- Associated Press - Monday, January 30, 2017

NORFOLK, Va. (AP) - Standing before a federal judge on Monday, a Virginia man apologized for using a secret website to download images of naked children and to discuss his urges to touch them.

Edward Joseph Matish III told the judge he knows children in the photos are now “haunted by the fact these images continue to circulate.”

Matish, 25, was then sentenced to more than three years in prison. His courtroom plea was a marked turnaround from last year, when he fought the case for several months based on a claim that the FBI violated his right to privacy when it hacked into his computer.

The Williamsburg man is among more than 200 people nationwide arrested in the FBI’s sting, known as Operation Pacifier.

The FBI had temporarily taken over Playpen, a child porn site that’s hidden from Google and allows its users to be anonymous. Agents then hacked into the computers of users who downloaded images.

Besides people who accessed child porn, the sting led to the arrest of 48 alleged “hands-on abusers” and the identification or rescue of at least 49 children, former Assistant Attorney General Leslie Caldwell wrote on the Justice Department’s website in November.

But the wave of prosecutions has elicited legal challenges across the country.

Defense attorneys have argued that the one warrant used by the FBI was too broad to support a reasonable search of someone’s computer. Another argument is that the FBI went beyond the scope of the warrant, which was issued in Virginia, into other jurisdictions. In some courts, judges have tossed key evidence.

But other judges have let the cases move forward, including the judge on the Matish case in Norfolk. U.S. District Judge Henry C. Morgan Jr. ruled in June that the FBI didn’t a need a warrant to search his computer. He said there is less of an expectation of privacy when it comes to child porn investigations.

In the wake of the sting, some experts say the courts will ultimately reshape the law for computer search and seizure rules for any crime.

“I remain concerned that the decisions will affect law enforcement’s ability to hack for years going forward in a way that is significantly detrimental to everyone’s rights,” Mark Rumold, senior staff attorney for the Electronic Frontier Foundation, said Monday.

Matish pleaded guilty in October after his attempts to fight the case faltered.

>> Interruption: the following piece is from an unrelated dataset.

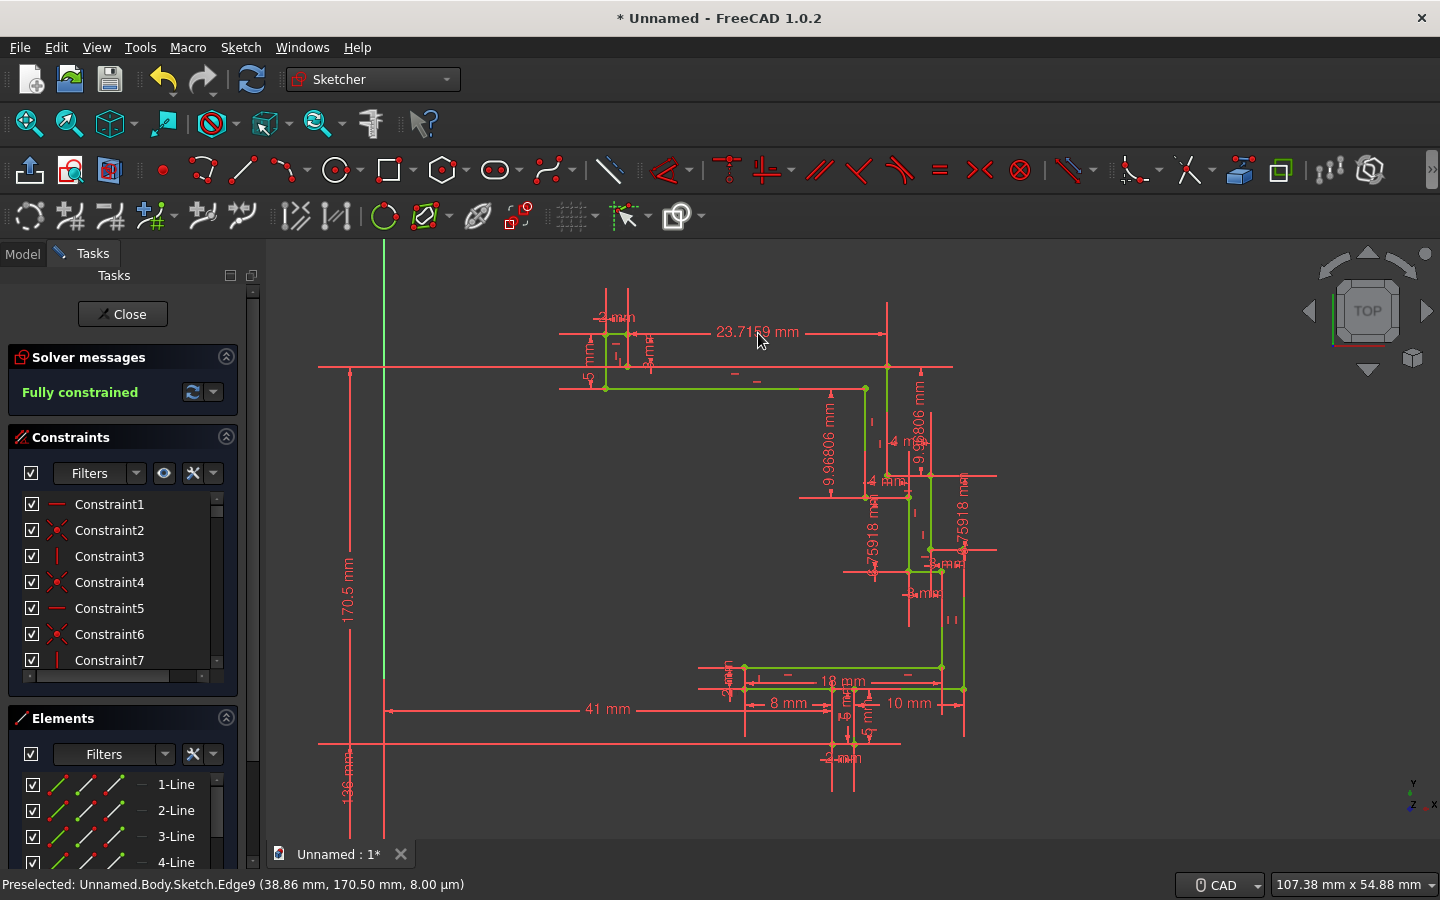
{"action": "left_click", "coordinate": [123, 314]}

At his sentencing on Monday, assistant U.S. Attorney Kaitlin Gratton said Matish downloaded images of children who were naked on the beach or in sexual situations. Some were infants.

Gratton said Matish also discussed his desires to touch children in a chat room on the Playpen site, saying the site helped him control his urges.

But, she said, Matish encouraged others like him to “(l)eave the touching to the brave souls willing to risk everything for our relief.”